PROMPT: Scan the records for "size" and copy each line that contains it.

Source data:
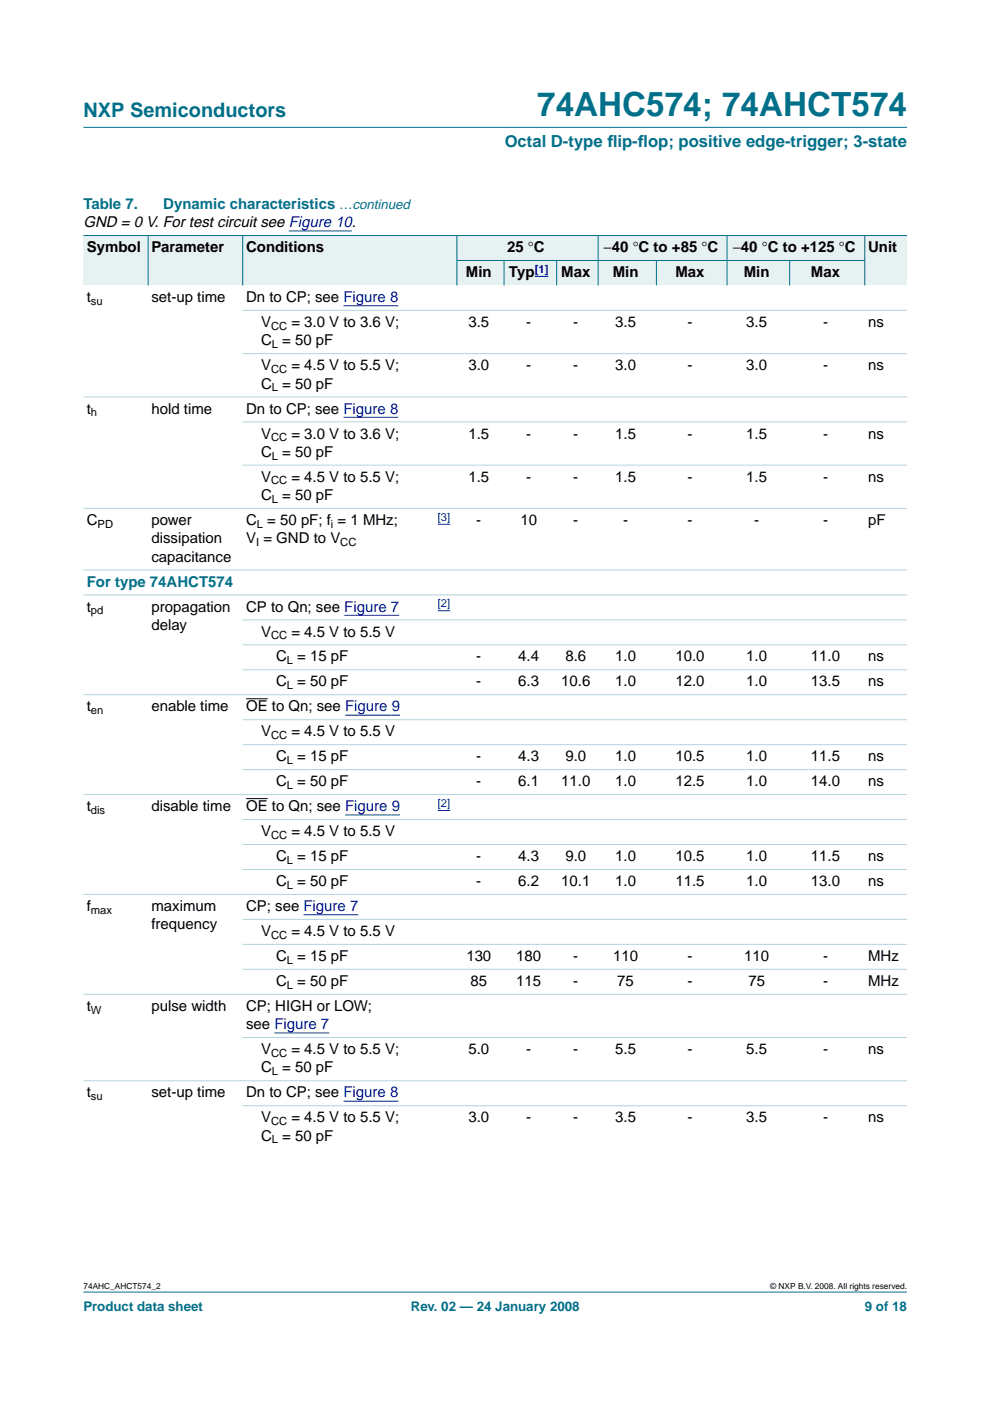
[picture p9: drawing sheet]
<svg xmlns="http://www.w3.org/2000/svg" width="210mm" height="297mm" viewBox="0 0 210 297" stroke-linecap="round" stroke-linejoin="round" font-family="sans-serif">
<defs><g id="words">
<text font-size="7.1" fill="#00708a" x="113.9" y="24.7">74AHC574; 74AHCT574</text>
<text font-size="4.2" fill="#00708a" x="17.7" y="24.9">NXP Semiconductors</text>
<g font-size="3.5" fill="#00708a">
<text x="107" y="31.1">Octal D-type f</text>
<text x="128.8" y="31.1">lip-f</text>
<text x="135.2" y="31.1">lop; positive edge-trigger; 3-state</text>
</g>
<g font-size="3.2" fill="#00708a">
<text x="17.7" y="44.3">Table 7.</text>
<text x="34.6" y="44.3">Dynamic characteristics …continued</text>
<text x="18.4" y="124.4">For type 74AHCT574</text>
</g>
<g font-size="3.2">
<text x="17.7" y="48.2">GND = 0 V. For test circuit see Figure 10.</text>
<text x="18.4" y="53.5">Symbol</text>
<text x="32.1" y="53.5">Parameter</text>
<text x="52.2" y="53.5">Conditions</text>
<text x="107.5" y="53.5">25 °C</text>
<text x="128" y="53.5">−40 °C to +85 °C</text>
<text x="155.4" y="53.5">−40 °C to +125 °C</text>
<text x="184.1" y="53.5">Unit</text>
<text x="98.8" y="58.8">Min</text>
<text x="107.9" y="58.8">Typ</text>
<text x="119" y="58.8">Max</text>
<text x="129.9" y="58.8">Min</text>
<text x="143.2" y="58.8">Max</text>
<text x="157.7" y="58.8">Min</text>
<text x="171.9" y="58.8">Max</text>
<text x="18.4" y="64">t</text>
<text x="32.1" y="64">set-up time</text>
<text x="52.2" y="64">Dn to CP; see Figure 8</text>
<text x="55.3" y="69.3">V</text>
<text x="61.8" y="69.3">= 3.0 V to 3.6 V;</text>
<text x="99.3" y="69.3">3.5</text>
<text x="111.6" y="69.3">-</text>
<text x="121.5" y="69.3">-</text>
<text x="130.4" y="69.3">3.5</text>
<text x="145.8" y="69.3">-</text>
<text x="158.2" y="69.3">3.5</text>
<text x="174.5" y="69.3">-</text>
<text x="184.1" y="69.3">ns</text>
<text x="55.3" y="73.2">C = 50 pF</text>
<text x="55.3" y="78.5">V</text>
<text x="55.3" y="82.4">C = 50 pF</text>
<text x="61.8" y="78.5">= 4.5 V to 5.5 V;</text>
<text x="99.3" y="78.5">3.0</text>
<text x="111.6" y="78.5">-</text>
<text x="121.5" y="78.5">-</text>
<text x="130.4" y="78.5">3.0</text>
<text x="145.8" y="78.5">-</text>
<text x="158.2" y="78.5">3.0</text>
<text x="174.5" y="78.5">-</text>
<text x="184.1" y="78.5">ns</text>
<text x="18.4" y="87.7">t</text>
<text x="32.1" y="87.7">hold time</text>
<text x="52.2" y="87.7">Dn to CP; see Figure 8</text>
<text x="55.3" y="93">V</text>
<text x="61.8" y="93">= 3.0 V to 3.6 V;</text>
<text x="99.3" y="93">1.5</text>
<text x="111.6" y="93">-</text>
<text x="121.5" y="93">-</text>
<text x="130.4" y="93">1.5</text>
<text x="145.8" y="93">-</text>
<text x="158.2" y="93">1.5</text>
<text x="174.5" y="93">-</text>
<text x="184.1" y="93">ns</text>
<text x="55.3" y="96.9">C = 50 pF</text>
<text x="55.3" y="102.1">V</text>
<text x="55.3" y="106">C = 50 pF</text>
<text x="61.8" y="102.1">= 4.5 V to 5.5 V;</text>
<text x="99.3" y="102.1">1.5</text>
<text x="111.6" y="102.1">-</text>
<text x="121.5" y="102.1">-</text>
<text x="130.4" y="102.1">1.5</text>
<text x="145.8" y="102.1">-</text>
<text x="158.2" y="102.1">1.5</text>
<text x="174.5" y="102.1">-</text>
<text x="184.1" y="102.1">ns</text>
<text x="18.4" y="111.3">C</text>
<text x="32.1" y="111.3">power</text>
<text x="52.2" y="111.3">C = 50 pF; f = 1 MHz;</text>
<text x="101" y="111.3">-</text>
<text x="110.3" y="111.3">10</text>
<text x="121.5" y="111.3">-</text>
<text x="132.1" y="111.3">-</text>
<text x="145.8" y="111.3">-</text>
<text x="159.9" y="111.3">-</text>
<text x="174.5" y="111.3">-</text>
<text x="184.1" y="111.3">pF</text>
<text x="32.1" y="115.2">dissipation</text>
<text x="32.1" y="119.1">capacitance</text>
<text x="52.2" y="115.2">V = GND to V</text>
<text x="18.4" y="129.7">t</text>
<text x="32.1" y="129.7">propagation</text>
<text x="52.2" y="129.7">CP to Qn; see Figure 7</text>
<text x="32.1" y="133.5">delay</text>
<text x="55.3" y="135">V</text>
<text x="61.8" y="135">= 4.5 V to 5.5 V</text>
<text x="58.5" y="140.2">C = 15 pF</text>
<text x="101" y="140.2">-</text>
<text x="109.9" y="140.2">4.4</text>
<text x="119.9" y="140.2">8.6</text>
<text x="130.4" y="140.2">1.0</text>
<text x="143.2" y="140.2">10.0</text>
<text x="158.2" y="140.2">1.0</text>
<text x="171.9" y="140.2">11.0</text>
<text x="184.1" y="140.2">ns</text>
<text x="58.5" y="145.5">C = 50 pF</text>
<text x="101" y="145.5">-</text>
<text x="109.9" y="145.5">6.3</text>
<text x="119" y="145.5">10.6</text>
<text x="130.4" y="145.5">1.0</text>
<text x="143.2" y="145.5">12.0</text>
<text x="158.2" y="145.5">1.0</text>
<text x="171.9" y="145.5">13.5</text>
<text x="184.1" y="145.5">ns</text>
<text x="18.4" y="150.8">t</text>
<text x="32.1" y="150.8">enable time</text>
<text x="52.2" y="150.8">OE to Qn; see Figure 9</text>
<text x="55.3" y="156.1">V</text>
<text x="58.5" y="161.4">C = 15 pF</text>
<text x="61.8" y="156.1">= 4.5 V to 5.5 V</text>
<text x="101" y="161.4">-</text>
<text x="109.9" y="161.4">4.3</text>
<text x="119.9" y="161.4">9.0</text>
<text x="130.4" y="161.4">1.0</text>
<text x="143.2" y="161.4">10.5</text>
<text x="158.2" y="161.4">1.0</text>
<text x="171.9" y="161.4">11.5</text>
<text x="184.1" y="161.4">ns</text>
<text x="58.5" y="166.7">C = 50 pF</text>
<text x="101" y="166.7">-</text>
<text x="109.9" y="166.7">6.1</text>
<text x="119" y="166.7">11.0</text>
<text x="130.4" y="166.7">1.0</text>
<text x="143.2" y="166.7">12.5</text>
<text x="158.2" y="166.7">1.0</text>
<text x="171.9" y="166.7">14.0</text>
<text x="184.1" y="166.7">ns</text>
<text x="18.4" y="172">t</text>
<text x="32.1" y="172">disable time</text>
<text x="52.2" y="172">OE to Qn; see Figure 9</text>
<text x="55.3" y="177.3">V</text>
<text x="61.8" y="177.3">= 4.5 V to 5.5 V</text>
<text x="58.5" y="182.6">C = 15 pF</text>
<text x="101" y="182.6">-</text>
<text x="109.9" y="182.6">4.3</text>
<text x="119.9" y="182.6">9.0</text>
<text x="130.4" y="182.6">1.0</text>
<text x="143.2" y="182.6">10.5</text>
<text x="158.2" y="182.6">1.0</text>
<text x="171.9" y="182.6">11.5</text>
<text x="184.1" y="182.6">ns</text>
<text x="58.5" y="187.9">C = 50 pF</text>
<text x="101" y="187.9">-</text>
<text x="109.9" y="187.9">6.2</text>
<text x="119" y="187.9">10.1</text>
<text x="130.4" y="187.9">1.0</text>
<text x="143.2" y="187.9">11.5</text>
<text x="158.2" y="187.9">1.0</text>
<text x="171.9" y="187.9">13.0</text>
<text x="184.1" y="187.9">ns</text>
<text x="18.4" y="193.2">f</text>
<text x="32.1" y="193.2">maximum</text>
<text x="32.1" y="197">frequency</text>
<text x="52.2" y="193.2">CP; see Figure 7</text>
<text x="55.3" y="198.5">V</text>
<text x="58.5" y="203.7">C = 15 pF</text>
<text x="61.8" y="198.5">= 4.5 V to 5.5 V</text>
<text x="98.9" y="203.7">130</text>
<text x="109.4" y="203.7">180</text>
<text x="121.5" y="203.7">-</text>
<text x="130" y="203.7">110</text>
<text x="145.8" y="203.7">-</text>
<text x="157.8" y="203.7">110</text>
<text x="174.5" y="203.7">-</text>
<text x="184.1" y="203.7">MHz</text>
<text x="58.5" y="209">C = 50 pF</text>
<text x="99.8" y="209">85</text>
<text x="109.4" y="209">115</text>
<text x="121.5" y="209">-</text>
<text x="130.9" y="209">75</text>
<text x="145.8" y="209">-</text>
<text x="158.7" y="209">75</text>
<text x="174.5" y="209">-</text>
<text x="184.1" y="209">MHz</text>
<text x="18.4" y="214.3">t</text>
<text x="32.1" y="214.3">pulse width</text>
<text x="52.2" y="214.3">CP; HIGH or LOW;</text>
<text x="52.2" y="218.2">see Figure 7</text>
<text x="55.3" y="227.4">C = 50 pF</text>
<text x="55.3" y="223.5">V</text>
<text x="61.8" y="223.5">= 4.5 V to 5.5 V;</text>
<text x="99.3" y="223.5">5.0</text>
<text x="111.6" y="223.5">-</text>
<text x="121.5" y="223.5">-</text>
<text x="130.4" y="223.5">5.5</text>
<text x="145.8" y="223.5">-</text>
<text x="158.2" y="223.5">5.5</text>
<text x="174.5" y="223.5">-</text>
<text x="184.1" y="223.5">ns</text>
<text x="18.4" y="232.7">t</text>
<text x="32.1" y="232.7">set-up time</text>
<text x="52.2" y="232.7">Dn to CP; see Figure 8</text>
<text x="55.3" y="238">V</text>
<text x="61.8" y="238">= 4.5 V to 5.5 V;</text>
<text x="99.3" y="238">3.0</text>
<text x="111.6" y="238">-</text>
<text x="121.5" y="238">-</text>
<text x="130.4" y="238">3.5</text>
<text x="145.8" y="238">-</text>
<text x="158.2" y="238">3.5</text>
<text x="174.5" y="238">-</text>
<text x="184.1" y="238">ns</text>
<text x="55.3" y="241.8">C = 50 pF</text>
</g>
<g font-size="2.8" fill="#00708a">
<text x="17.7" y="278">Product data sheet</text>
<text x="87.1" y="278">Rev. 02 — 24 January 2008</text>
<text x="183.4" y="278">9 of 18</text>
</g>
<g font-size="2.4" fill="#00f">
<text x="113.4" y="57.8">[1]</text>
<text x="92.8" y="110.4">[3]</text>
<text x="92.8" y="128.7">[2]</text>
<text x="92.8" y="171">[2]</text>
</g>
<g font-size="2.4">
<text x="19.3" y="64.6">su</text>
<text x="57.5" y="69.9">CC</text>
<text x="57.6" y="73.8">L</text>
<text x="57.5" y="79.1">CC</text>
<text x="57.6" y="83">L</text>
<text x="19.3" y="88.3">h</text>
<text x="57.5" y="93.5">CC</text>
<text x="57.6" y="97.4">L</text>
<text x="57.5" y="102.7">CC</text>
<text x="57.6" y="106.6">L</text>
<text x="20.7" y="111.9">PD</text>
<text x="54.5" y="111.9">L</text>
<text x="70.2" y="111.9">i</text>
<text x="54.3" y="115.8">I</text>
<text x="72.2" y="115.8">CC</text>
<text x="19.3" y="130.2">pd</text>
<text x="57.5" y="135.5">CC</text>
<text x="60.8" y="140.8">L</text>
<text x="60.8" y="146.1">L</text>
<text x="19.3" y="151.4">en</text>
<text x="57.5" y="156.7">CC</text>
<text x="60.8" y="162">L</text>
<text x="60.8" y="167.3">L</text>
<text x="19.3" y="172.6">dis</text>
<text x="57.5" y="177.9">CC</text>
<text x="60.8" y="183.2">L</text>
<text x="60.8" y="188.4">L</text>
<text x="19.3" y="193.7">max</text>
<text x="57.5" y="199">CC</text>
<text x="60.8" y="204.3">L</text>
<text x="60.8" y="209.6">L</text>
<text x="19.3" y="214.9">W</text>
<text x="57.5" y="224.1">CC</text>
<text x="57.6" y="228">L</text>
<text x="19.3" y="233.2">su</text>
<text x="57.5" y="238.5">CC</text>
<text x="57.6" y="242.4">L</text>
</g>
<g font-size="1.8">
<text x="17.7" y="273.4">74AHC_AHCT574_2</text>
<text x="163.3" y="273.4">© NXP B.V. 2008. All rights reserved.</text>
</g>
</g></defs>
<g fill="#00708a" stroke="#00708a" stroke-width=".21">
<path d="M17.7 273.9h174.6z"/>
<path d="M17.7 27h174.6z"/>
</g>
<path d="M61.2 49h13.4M72.8 64.8h11.7M72.8 88.5h11.7M92.8 111.2h2.7M73 130.5h11.6M92.8 129.5h2.7M73.2 151.6h11.6M73.2 172.8h11.6M92.8 171.8h2.7M64.3 194h11.7M58.2 219h11.6M72.8 233.5h11.7" fill="none" stroke="#00f" stroke-width=".21"/>
<path d="M52.2 148.2h4.6M52.2 169.3h4.6" fill="none" stroke="#000" stroke-width=".21"/>
<g fill="#e6f2f2">
<path d="M17.7 49.9h13.7v10.6h-13.7z" fill-rule="evenodd"/>
<path d="M31.4 49.9h20.1v10.6h-20.1z" fill-rule="evenodd"/>
<path d="M51.5 49.9h45.4v10.6h-45.4z" fill-rule="evenodd"/>
<path d="M96.9 49.9h29.9v5.3h-29.9z" fill-rule="evenodd"/>
<path d="M126.8 49.9h27.4v5.3h-27.4z" fill-rule="evenodd"/>
<path d="M154.2 49.9h29.1v5.3h-29.1z" fill-rule="evenodd"/>
<path d="M183.3 49.9h9v10.6h-9z" fill-rule="evenodd"/>
<path d="M96.9 55.2h10v5.3h-10z" fill-rule="evenodd"/>
<path d="M106.9 55.2h11.1v5.3h-11.1z" fill-rule="evenodd"/>
</g>
<path d="M113.4 58.6h2.9z" fill="#00f" stroke="#00f" stroke-width=".21"/>
<g fill="#e6f2f2">
<path d="M118 55.2h8.8v5.3h-8.8z" fill-rule="evenodd"/>
<path d="M126.8 55.2h12.4v5.3h-12.4z" fill-rule="evenodd"/>
<path d="M139.2 55.2h15v5.3h-15z" fill-rule="evenodd"/>
<path d="M154.2 55.2h13.2v5.3h-13.2z" fill-rule="evenodd"/>
<path d="M167.4 55.2h15.9v5.3h-15.9z" fill-rule="evenodd"/>
</g>
<g fill="#00708a" stroke="#00708a" stroke-width=".21">
<path d="M31.4 49.9v10.6z"/>
<path d="M51.5 49.9v10.6z"/>
<path d="M96.9 49.9v10.6z"/>
<path d="M106.9 55.2v5.3z"/>
<path d="M118 55.2v5.3z"/>
<path d="M126.8 49.9v10.6z"/>
<path d="M139.2 55.2v5.3z"/>
<path d="M154.2 49.9v10.6z"/>
<path d="M167.4 55.2v5.3z"/>
<path d="M183.3 49.9v10.6z"/>
<path d="M17.7 49.9h174.6z"/>
<path d="M96.8 55.2h86.6z"/>
</g>
<g fill="#b3d4db" stroke="#b3d4db" stroke-width=".21">
<path d="M51.5 65.8h140.8z"/>
<path d="M51.5 75h140.8z"/>
<path d="M17.7 84.2h174.6z"/>
<path d="M51.5 89.4h140.8z"/>
<path d="M51.5 98.6h140.8z"/>
<path d="M17.7 107.8h174.6z"/>
<path d="M17.7 120.8h174.6z"/>
<path d="M17.7 126.1h174.6z"/>
<path d="M51.5 131.4h140.8z"/>
<path d="M51.5 136.7h140.8z"/>
<path d="M51.5 142h140.8z"/>
<path d="M17.7 147.3h174.6z"/>
<path d="M51.5 152.6h140.8z"/>
<path d="M51.5 157.9h140.8z"/>
<path d="M51.5 163.2h140.8z"/>
<path d="M17.7 168.5h174.6z"/>
<path d="M51.5 173.8h140.8z"/>
<path d="M51.5 179.1h140.8z"/>
<path d="M51.5 184.3h140.8z"/>
<path d="M17.7 189.6h174.6z"/>
<path d="M51.5 194.9h140.8z"/>
<path d="M51.5 200.2h140.8z"/>
<path d="M51.5 205.5h140.8z"/>
<path d="M17.7 210.8h174.6z"/>
<path d="M51.5 220h140.8z"/>
<path d="M17.7 229.1h174.6z"/>
<path d="M51.5 234.4h140.8z"/>
</g>
<use href="#words"/>
</svg>

RESULT FOR THIS EXERCISE:
<text font-size="7.1" fill="#00708a" x="113.9" y="24.7">74AHC574; 74AHCT574</text>
<text font-size="4.2" fill="#00708a" x="17.7" y="24.9">NXP Semiconductors</text>
<g font-size="3.5" fill="#00708a">
<g font-size="3.2" fill="#00708a">
<g font-size="3.2">
<g font-size="2.8" fill="#00708a">
<g font-size="2.4" fill="#00f">
<g font-size="2.4">
<g font-size="1.8">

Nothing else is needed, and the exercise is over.